● WHAT THE EXERCISE ASKS: How many lines in the data below contain the string "Rectangle"? State that number only.

[Saved data entries]

==========

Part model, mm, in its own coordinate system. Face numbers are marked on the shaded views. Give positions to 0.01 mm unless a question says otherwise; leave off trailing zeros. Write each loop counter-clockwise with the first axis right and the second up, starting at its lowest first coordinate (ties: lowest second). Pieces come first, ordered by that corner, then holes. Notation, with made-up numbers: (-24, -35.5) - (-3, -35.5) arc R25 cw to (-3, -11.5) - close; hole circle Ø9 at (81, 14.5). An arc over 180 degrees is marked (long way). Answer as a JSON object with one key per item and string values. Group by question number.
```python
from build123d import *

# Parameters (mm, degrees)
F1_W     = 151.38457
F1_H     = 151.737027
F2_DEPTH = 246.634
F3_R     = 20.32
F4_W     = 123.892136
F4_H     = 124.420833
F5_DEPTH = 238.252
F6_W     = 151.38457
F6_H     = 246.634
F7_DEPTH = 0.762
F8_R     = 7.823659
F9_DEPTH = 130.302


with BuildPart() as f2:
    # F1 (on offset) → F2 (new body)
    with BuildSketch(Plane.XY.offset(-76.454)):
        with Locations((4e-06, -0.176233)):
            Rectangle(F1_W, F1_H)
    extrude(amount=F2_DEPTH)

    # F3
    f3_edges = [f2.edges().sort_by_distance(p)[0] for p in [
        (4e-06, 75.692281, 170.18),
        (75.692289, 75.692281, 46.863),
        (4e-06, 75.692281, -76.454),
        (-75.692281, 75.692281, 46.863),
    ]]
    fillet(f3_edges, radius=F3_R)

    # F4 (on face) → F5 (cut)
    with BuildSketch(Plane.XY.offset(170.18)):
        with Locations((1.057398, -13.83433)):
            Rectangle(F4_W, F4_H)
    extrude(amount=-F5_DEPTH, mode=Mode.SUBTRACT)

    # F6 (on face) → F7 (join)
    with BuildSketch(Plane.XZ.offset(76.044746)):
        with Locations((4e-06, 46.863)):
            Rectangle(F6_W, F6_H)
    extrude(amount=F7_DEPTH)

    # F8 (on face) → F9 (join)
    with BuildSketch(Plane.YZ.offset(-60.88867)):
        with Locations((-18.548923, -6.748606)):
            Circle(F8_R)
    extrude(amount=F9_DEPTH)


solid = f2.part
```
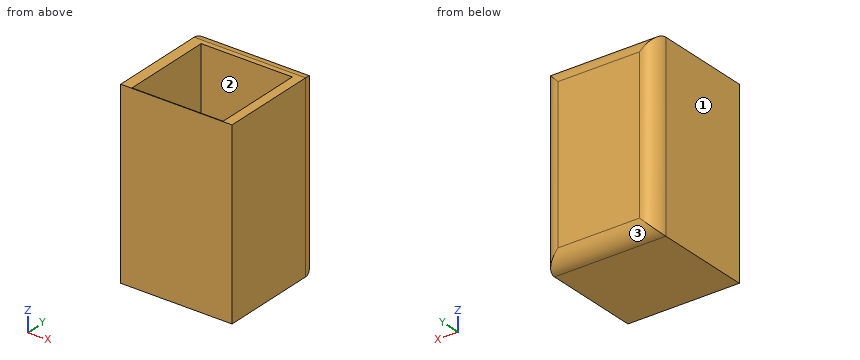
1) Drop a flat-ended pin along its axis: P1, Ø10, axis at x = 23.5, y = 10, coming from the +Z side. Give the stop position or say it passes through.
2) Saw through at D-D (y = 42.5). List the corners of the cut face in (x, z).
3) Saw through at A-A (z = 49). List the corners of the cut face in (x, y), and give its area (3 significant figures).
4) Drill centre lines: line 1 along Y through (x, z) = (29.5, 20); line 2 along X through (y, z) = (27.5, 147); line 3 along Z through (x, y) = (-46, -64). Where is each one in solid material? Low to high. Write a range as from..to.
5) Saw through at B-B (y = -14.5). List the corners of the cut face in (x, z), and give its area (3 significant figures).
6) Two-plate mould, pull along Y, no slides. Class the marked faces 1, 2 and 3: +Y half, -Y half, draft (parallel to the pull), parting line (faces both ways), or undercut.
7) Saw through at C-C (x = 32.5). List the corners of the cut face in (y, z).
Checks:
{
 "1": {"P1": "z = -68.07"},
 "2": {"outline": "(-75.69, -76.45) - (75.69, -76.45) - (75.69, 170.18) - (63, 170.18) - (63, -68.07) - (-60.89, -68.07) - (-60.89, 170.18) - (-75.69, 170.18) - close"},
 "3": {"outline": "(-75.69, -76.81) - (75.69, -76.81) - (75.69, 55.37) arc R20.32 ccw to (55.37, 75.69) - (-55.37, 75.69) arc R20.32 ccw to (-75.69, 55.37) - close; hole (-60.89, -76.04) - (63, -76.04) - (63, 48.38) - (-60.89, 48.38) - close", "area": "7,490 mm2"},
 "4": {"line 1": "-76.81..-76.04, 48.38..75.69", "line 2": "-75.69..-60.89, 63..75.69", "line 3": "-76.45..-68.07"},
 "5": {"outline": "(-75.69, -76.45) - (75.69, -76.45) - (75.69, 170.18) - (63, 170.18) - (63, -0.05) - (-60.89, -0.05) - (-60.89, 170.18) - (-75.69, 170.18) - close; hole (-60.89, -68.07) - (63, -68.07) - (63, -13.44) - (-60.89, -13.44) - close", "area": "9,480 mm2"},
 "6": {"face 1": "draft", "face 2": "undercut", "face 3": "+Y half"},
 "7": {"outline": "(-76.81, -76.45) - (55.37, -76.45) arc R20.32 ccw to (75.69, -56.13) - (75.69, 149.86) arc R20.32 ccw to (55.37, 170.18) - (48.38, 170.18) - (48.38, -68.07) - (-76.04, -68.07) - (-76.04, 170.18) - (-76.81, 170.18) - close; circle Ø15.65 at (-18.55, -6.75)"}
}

==========

● RESULT FOR THIS TASK: 3